Es gibt auch ein kleines Paket (500 Millionen Euro) mit Einnahmensteigerungen: Darin enthalten sind die Digitalsteuer, eine Erhöhung der Tabaksteuer und der Abgaben auf Glücksspiel sowie die nicht näher bezeichnete „Schließung von Steuerschlupflöchern“.

Wer mehr Geld bekommt
Zählt man den Familienbonus, der bereits in Kraft getreten ist, dazu, kommt man in Summe bis Ende 2022 auf eine Entlastung von mehr als acht Milliarden Euro.

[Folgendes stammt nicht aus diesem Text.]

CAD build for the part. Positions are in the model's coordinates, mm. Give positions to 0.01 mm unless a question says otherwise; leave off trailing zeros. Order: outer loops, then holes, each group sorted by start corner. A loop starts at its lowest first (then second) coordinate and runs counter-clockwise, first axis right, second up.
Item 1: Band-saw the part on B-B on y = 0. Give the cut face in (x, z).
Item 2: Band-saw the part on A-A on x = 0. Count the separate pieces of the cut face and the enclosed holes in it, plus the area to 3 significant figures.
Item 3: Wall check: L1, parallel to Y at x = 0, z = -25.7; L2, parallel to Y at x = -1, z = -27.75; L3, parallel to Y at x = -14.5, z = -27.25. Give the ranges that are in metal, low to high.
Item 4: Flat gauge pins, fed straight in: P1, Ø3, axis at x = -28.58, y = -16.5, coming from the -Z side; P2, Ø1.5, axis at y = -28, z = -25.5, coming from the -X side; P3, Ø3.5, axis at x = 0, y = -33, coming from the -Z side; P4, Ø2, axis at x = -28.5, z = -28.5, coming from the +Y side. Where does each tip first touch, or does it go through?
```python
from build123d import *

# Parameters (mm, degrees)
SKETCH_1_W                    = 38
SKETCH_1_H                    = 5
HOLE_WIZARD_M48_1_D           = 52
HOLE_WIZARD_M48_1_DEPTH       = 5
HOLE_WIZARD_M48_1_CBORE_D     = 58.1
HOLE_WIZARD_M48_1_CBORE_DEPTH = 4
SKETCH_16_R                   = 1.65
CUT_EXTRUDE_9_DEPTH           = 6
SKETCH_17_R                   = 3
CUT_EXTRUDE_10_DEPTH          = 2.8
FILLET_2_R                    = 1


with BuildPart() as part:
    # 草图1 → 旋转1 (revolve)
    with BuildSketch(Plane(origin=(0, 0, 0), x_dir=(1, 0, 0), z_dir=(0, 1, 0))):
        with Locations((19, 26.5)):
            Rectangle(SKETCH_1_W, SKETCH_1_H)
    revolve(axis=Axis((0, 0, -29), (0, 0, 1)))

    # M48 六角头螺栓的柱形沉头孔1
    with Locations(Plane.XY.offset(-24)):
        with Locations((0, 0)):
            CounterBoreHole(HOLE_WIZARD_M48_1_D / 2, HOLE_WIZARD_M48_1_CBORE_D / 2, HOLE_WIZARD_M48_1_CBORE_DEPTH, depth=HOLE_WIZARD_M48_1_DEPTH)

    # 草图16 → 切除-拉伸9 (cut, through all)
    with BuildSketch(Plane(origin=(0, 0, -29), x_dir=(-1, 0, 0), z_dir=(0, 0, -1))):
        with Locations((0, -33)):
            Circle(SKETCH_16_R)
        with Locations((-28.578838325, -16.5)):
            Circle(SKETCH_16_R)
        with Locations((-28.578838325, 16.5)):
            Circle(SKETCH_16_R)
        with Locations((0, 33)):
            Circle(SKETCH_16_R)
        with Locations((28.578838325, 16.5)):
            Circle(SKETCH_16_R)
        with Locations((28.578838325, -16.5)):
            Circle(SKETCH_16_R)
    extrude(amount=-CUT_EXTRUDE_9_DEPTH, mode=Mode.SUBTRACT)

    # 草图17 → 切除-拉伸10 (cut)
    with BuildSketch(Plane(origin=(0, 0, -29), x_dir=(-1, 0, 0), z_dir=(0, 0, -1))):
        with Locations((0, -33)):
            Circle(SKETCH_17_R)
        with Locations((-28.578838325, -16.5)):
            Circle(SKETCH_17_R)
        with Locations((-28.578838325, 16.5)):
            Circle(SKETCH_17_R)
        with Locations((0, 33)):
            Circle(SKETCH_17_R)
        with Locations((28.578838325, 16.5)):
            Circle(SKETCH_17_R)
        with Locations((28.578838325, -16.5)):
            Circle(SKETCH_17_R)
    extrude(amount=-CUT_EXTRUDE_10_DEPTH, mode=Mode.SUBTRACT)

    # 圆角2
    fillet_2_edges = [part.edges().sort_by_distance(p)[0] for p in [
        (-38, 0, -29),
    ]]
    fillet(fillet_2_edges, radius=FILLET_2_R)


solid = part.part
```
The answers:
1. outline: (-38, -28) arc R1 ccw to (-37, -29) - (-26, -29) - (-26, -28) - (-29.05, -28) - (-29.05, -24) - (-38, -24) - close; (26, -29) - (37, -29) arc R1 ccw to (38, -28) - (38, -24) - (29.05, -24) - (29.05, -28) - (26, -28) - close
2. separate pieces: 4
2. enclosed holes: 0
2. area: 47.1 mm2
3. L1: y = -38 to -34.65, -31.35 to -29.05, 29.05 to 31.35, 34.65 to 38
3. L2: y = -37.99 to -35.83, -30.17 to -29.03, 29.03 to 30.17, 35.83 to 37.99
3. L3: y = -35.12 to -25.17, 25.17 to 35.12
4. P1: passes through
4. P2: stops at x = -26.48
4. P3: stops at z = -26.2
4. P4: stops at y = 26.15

Das ist in der Tat mehr als bei den vergangenen Reformen. „Eine erstmalige Entlastung ohne neue Steuern und neue Schulden“, betonte Bundeskanzler Sebastian Kurz (ÖVP). Dass vor allem für kleinere und mittlere Einkommensbezieher viel dabei ist, freut Vizekanzler Heinz-Christian Strache (FPÖ) besonders. Für Unternehmer sind steuerliche Erleichterungen genauso wie Maßnahmen zur Entbürokratisierung vorgesehen.

Manche vermissen allerdings die Abschaffung der oft diskutierten kalten Progression, die pro Jahr zu einer zusätzlichen Steuerbelastung der Arbeitnehmer von rund 500 Millionen Euro führt. „Hätten wir sie abgeschafft, wäre das vor allem den Besserverdienern zugutegekommen“, argumentierte der Bundeskanzler. Der Finanzminister ergänzte, dass die Senkung bei Lohn- und Einkommenssteuer deutlich mehr ausmache als die kalte Progression.

Sozialbeiträge gesenkt
Bei der ersten Etappe 2020 werden lediglich die Krankenversicherungsbeiträge für Niedrigverdiener gesenkt. Das kostet rund 900 Millionen Euro, die aber den Kassen aus dem Budget abgegolten werden. Der Abzug setzt bei der Geringfügigkeitsgrenze ein und steigt bis 1350 Euro brutto im Monat an. Dort beträgt die maximale Entlastung 350 Euro im Jahr oder 29 Euro im Monat. Danach sinkt sie wieder und läuft bei 2201 Euro aus, weil dort auch schon die Lohnsteuersenkung greift.

Reaktionen reichen von Jubel bis „Lercherlschas“
Wirtschaft und Industrie zeigen sich erfreut, ebenso die türkisen Landeshauptleute. Die Opposition ist mit der Steuerreform - wenig überraschend - nicht zufrieden. Die SPÖ ortet eine Mogelpackung - Steuergeschenke in Milliardenhöhe für Großkonzerne und einen „ungedeckten Scheck“ bei der Gegenfinanzierung. „Dass ÖVP und FPÖ ausgerechnet Luxussteuern wie die Schaumweinsteuer abschaffen, spricht Bände und zeigt, dass dieser Regierung die Interessen der Menschen völlig egal sind“, so der rote EU-Spitzenkandidat Andreas Schieder.

NEOS-Finanzsprecher Sepp Schellhorn nennt das Volumen „in Anbetracht der kalten Progression“ gar einen „Lercherlschas“. Die Grünen vermissen bei der Reform vor allem die Ökologisierung.

Katzian: Nicht die größte Steuerreform
Auch ÖGB-Präsident Wolfgang Katzian übt heftige Kritik: Dies sei nicht die größte Steuerreform, sondern jene, die sich am längsten ziehe. Die Entlastungen würden an der falschen Stelle passieren, und zwar zu wenig bei den Arbeitnehmern, so Katzian.